For each record that follows, give it back exactly, with no pictures included.

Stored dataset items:
-- Opening Marker --

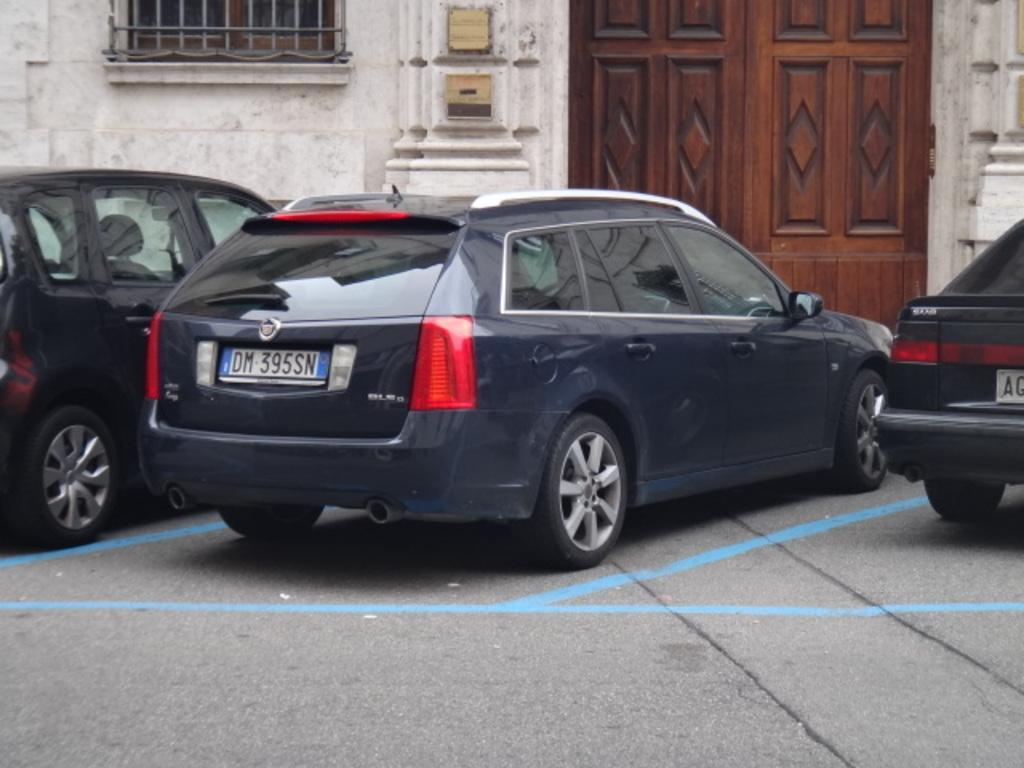What can be seen on the ground in the image? There are vehicles on the ground in the image. What is in front of the vehicles? There is a wall in front of the vehicles. What features does the wall have? The wall has a window, a grille, and a door. What is attached to the wall? There are boxes attached to the wall. Can you hear the horn of the vehicle in the image? There is not present in the image, so it is not possible to hear any sounds. 
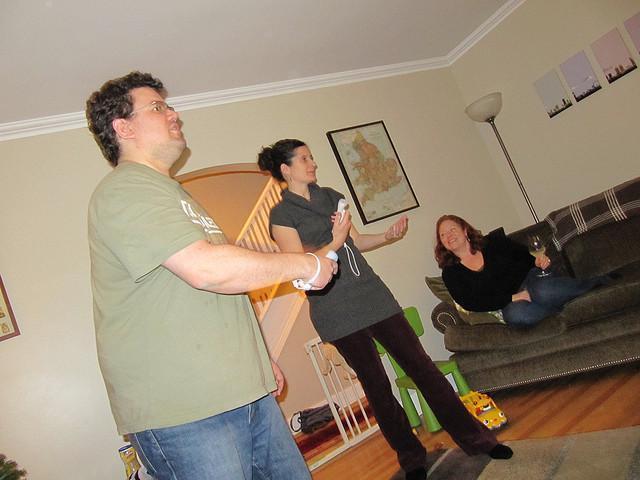How many bags are there?
Give a very brief answer. 0. How many picture frames are on the wall?
Give a very brief answer. 6. How many people can you see?
Give a very brief answer. 3. How many chairs are in the picture?
Give a very brief answer. 2. 
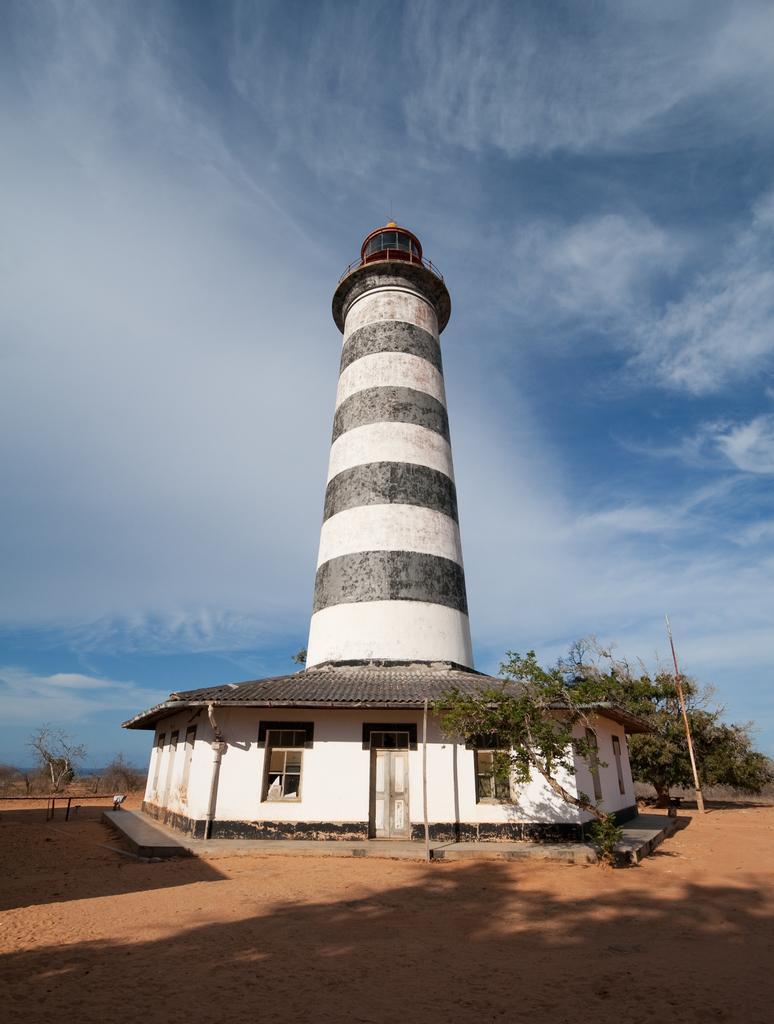Describe this image in one or two sentences. This image is taken outdoors. At the top of the image there is a sky with clouds. At the bottom of the image there is a ground. In the middle of the image there is a house and tower is a tower and there are a few trees and plants.

-- Closing Marker --

• Your response
What can be seen on the ground in the image? There are vehicles on the ground in the image. What is in front of the vehicles? There is a wall in front of the vehicles. What features does the wall have? The wall has a window, a grille, and a door. What is attached to the wall? There are boxes attached to the wall. Can you hear the horn of the vehicle in the image? There is not present in the image, so it is not possible to hear any sounds. 
How many bags are there?
Give a very brief answer. 0. How many picture frames are on the wall?
Give a very brief answer. 6. How many people can you see?
Give a very brief answer. 3. How many chairs are in the picture?
Give a very brief answer. 2. 
Describe this image in one or two sentences. This image is taken outdoors. At the top of the image there is a sky with clouds. At the bottom of the image there is a ground. In the middle of the image there is a house and tower is a tower and there are a few trees and plants.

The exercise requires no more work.